Unlike many managers whose instincts are to hunker down and play it safe during difficult times, entrepreneurs like Bush hear a call to action in the oft-repeated advice of Machiavelli: “Never waste the opportunities offered by a good crisis.” Even as the global economy lurches toward a new normal, long-term crises demand solutions in a variety of domains: geopolitics, the environment, health care, education, infrastructure, poverty and inequity juxtaposed with rapid growth, and broken business models in multiple industries. In fact, instead of the waves of expanding frontiers that defined the 20th century, constraint and restraint may define the 21st.
For entrepreneurs with an eye for counterintuitive solutions, extreme problems and seemingly insurmountable adversity can be a crucible for creativity and business-model innovation.
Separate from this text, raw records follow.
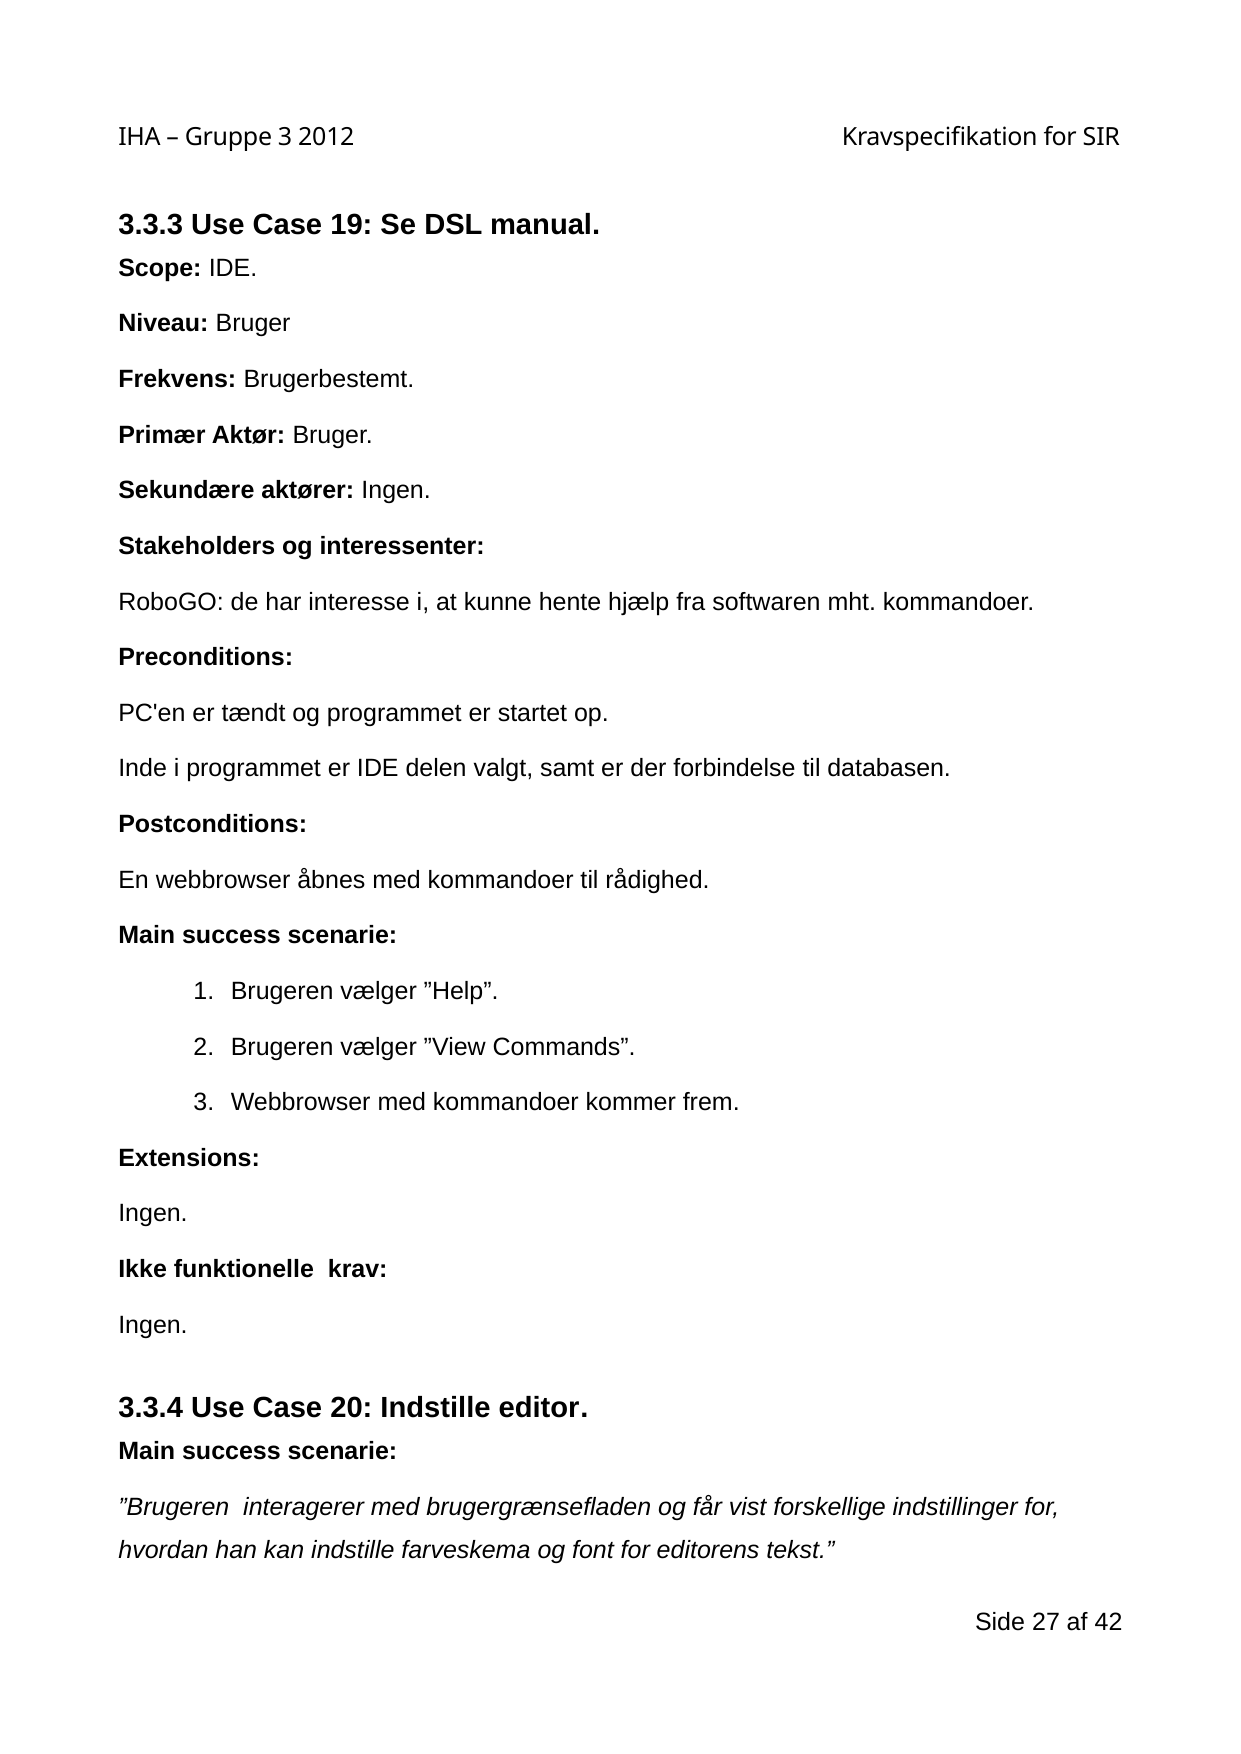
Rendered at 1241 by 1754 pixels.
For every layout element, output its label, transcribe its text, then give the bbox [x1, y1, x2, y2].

text Main success scenarie: [118, 1436, 1122, 1465]
text Preconditions: [118, 642, 1122, 671]
subtitle 3.3.4 Use Case 20: Indstille editor. [118, 1390, 1122, 1424]
text En webbrowser åbnes med kommandoer til rådighed. [118, 864, 1122, 893]
list Brugeren vælger ”View Commands”. [193, 1031, 1122, 1060]
text Main success scenarie: [118, 920, 1122, 949]
text ”Brugeren interagerer med brugergrænsefladen og får vist forskellige indstillinger for, hvordan han kan indstille farveskema og font for editorens tekst.” [118, 1492, 1122, 1564]
text Postconditions: [118, 809, 1122, 838]
text Scope: IDE. [118, 253, 1122, 281]
text Primær Aktør: Bruger. [118, 419, 1122, 448]
text Stakeholders og interessenter: [118, 531, 1122, 559]
text Extensions: [118, 1143, 1122, 1171]
list Webbrowser med kommandoer kommer frem. [193, 1087, 1122, 1116]
text Sekundære aktører: Ingen. [118, 475, 1122, 504]
text Ingen. [118, 1309, 1122, 1338]
text Ingen. [118, 1198, 1122, 1227]
subtitle 3.3.3 Use Case 19: Se DSL manual. [118, 207, 1122, 240]
text RoboGO: de har interesse i, at kunne hente hjælp fra softwaren mht. kommandoer. [118, 586, 1122, 615]
text PC'en er tændt og programmet er startet op. [118, 698, 1122, 726]
list Brugeren vælger ”Help”. [193, 976, 1122, 1004]
text Niveau: Bruger [118, 308, 1122, 337]
text Ikke funktionelle krav: [118, 1254, 1122, 1283]
text Inde i programmet er IDE delen valgt, samt er der forbindelse til databasen. [118, 753, 1122, 782]
text Frekvens: Brugerbestemt. [118, 364, 1122, 393]
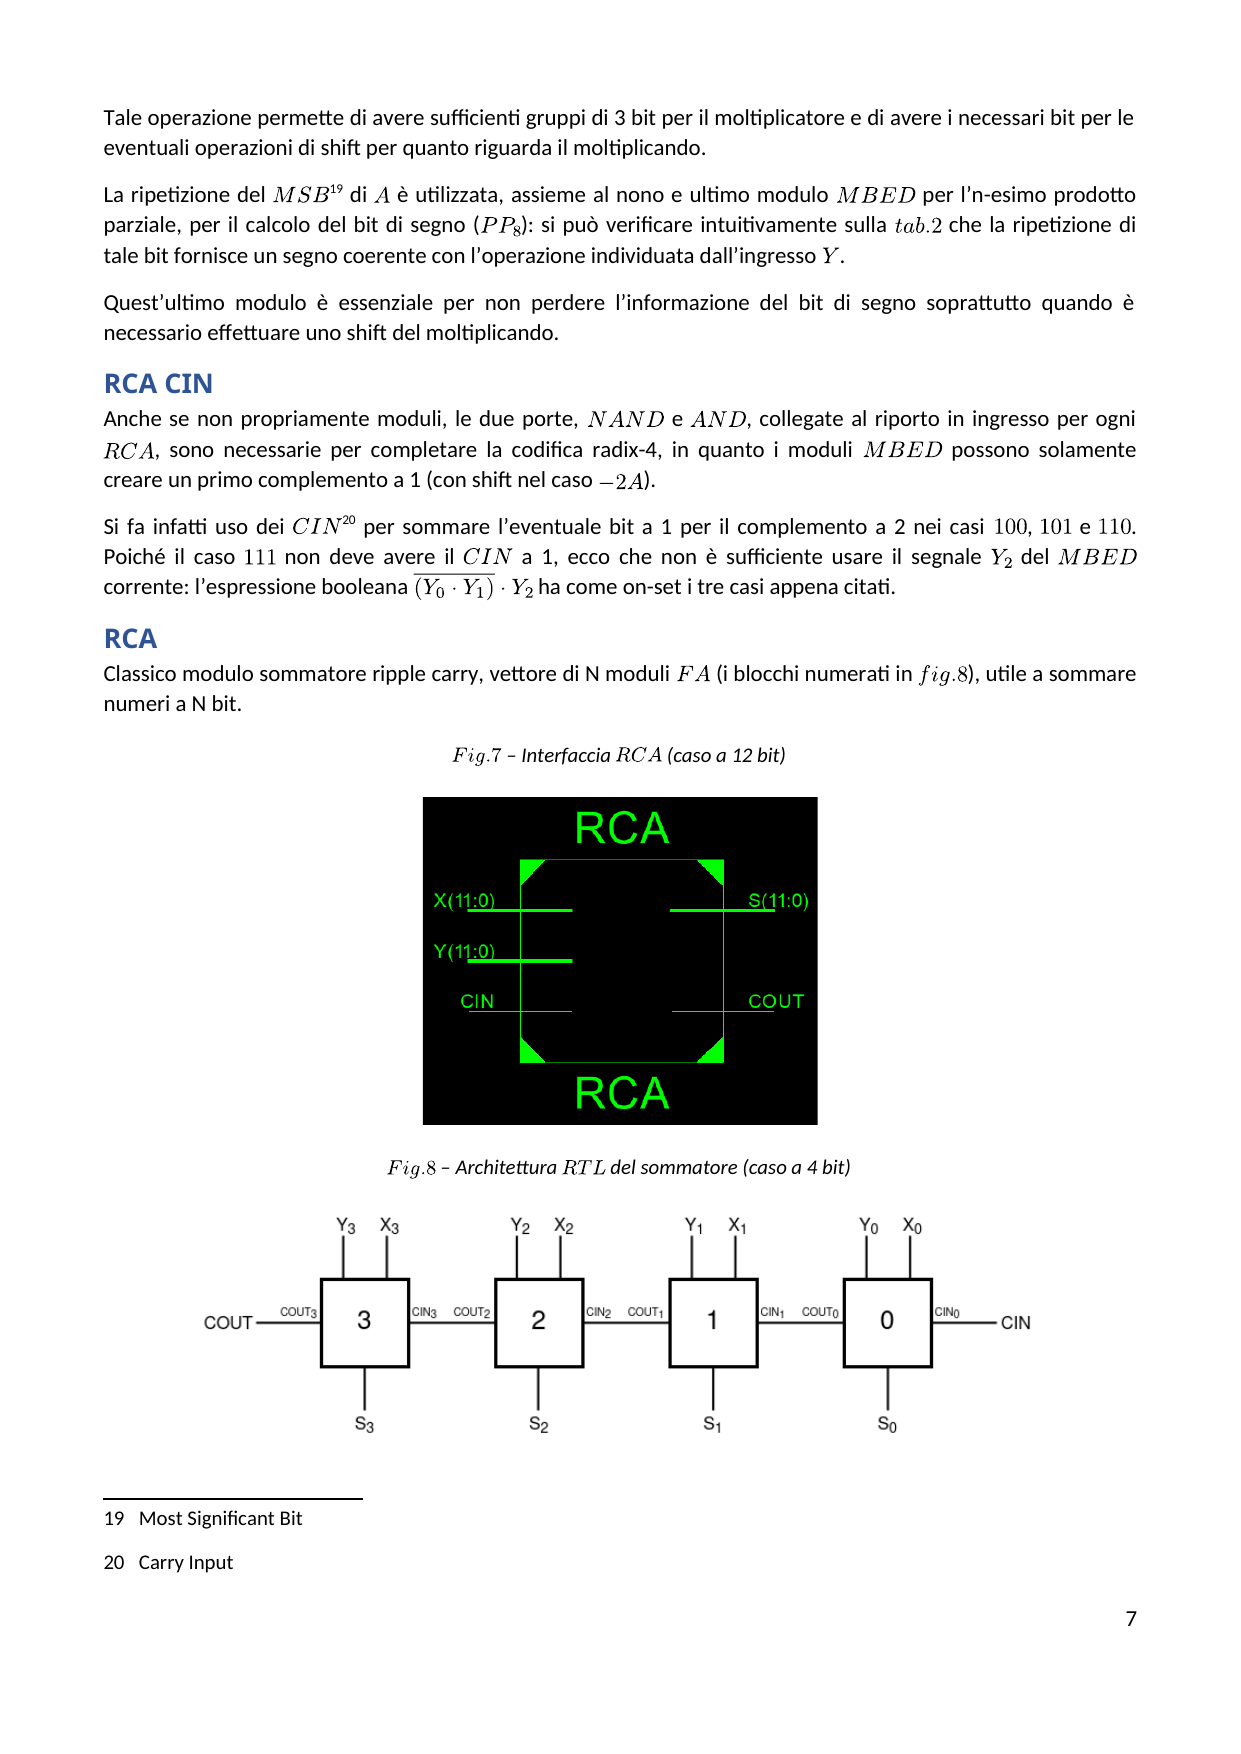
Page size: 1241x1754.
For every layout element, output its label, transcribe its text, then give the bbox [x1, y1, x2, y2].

In studying hundreds of companies that were created or reinvented in difficult circumstances of many stripes, I have identified four key types of opportunities that innovative entrepreneurs see and seize upon in a climate of extreme adversity. Those who face today’s tumultuous business environment can learn from their example. First, let’s learn about the business climate of adversity.
Adversity as a Context for Business
Considerable evidence shows that periods of extreme adversity foster innovation and the building of companies. For example, 18 of the 30 firms currently on the Dow Jones Industrial Index were founded during economic downturns. The Kauffman Index of Entrepreneurial Activity showed that the rate of new-business creation was higher during the deepest part of the 2009 recession than it had been in the 14 previous years, including the 1999–2000 technology boom.
Moments of crisis have historically served as a powerful impetus for innovation, whether a Manhattan Project, a moon shot, or industry-transforming “green” consciousness and its related initiatives. The entrepreneurs who thrive in the face of adversity are a different breed from those who flourish when resources are unlimited, such as in Silicon Valley during the 1990s.
What are the factors that distinguish entrepreneurs, corporate innovators, and investors who successfully harness adversity to gain competitive advantage? My research has shown that they tune in to the particular opportunities that characterize challenging times. Unmet need and high entry barriers clearly help to thin out the competitive field, but that’s also true for other entrepreneurial circumstances. I instead focus on the opportunities that are unique to situations of adversity and to success in such times. I label the opportunities according to how adversity-attuned entrepreneurs act on them—something they do quickly.
Opportunity 1: Match Unneeded Resources to Unmet Needs
Adversity comes in many forms—acute, cyclical, long-term, and systemic. It sometimes affects individuals or single firms; other times it cuts across a wide swath of entities. However, its pathology is consistent: Adversity constrains a key resource, which then depresses demand, supply, or both. That gives rise to unmet need and releases other resources that become redundant. An opportunity emerges for inventive entrepreneurs who can reroute the redundant resources to fill the unmet need.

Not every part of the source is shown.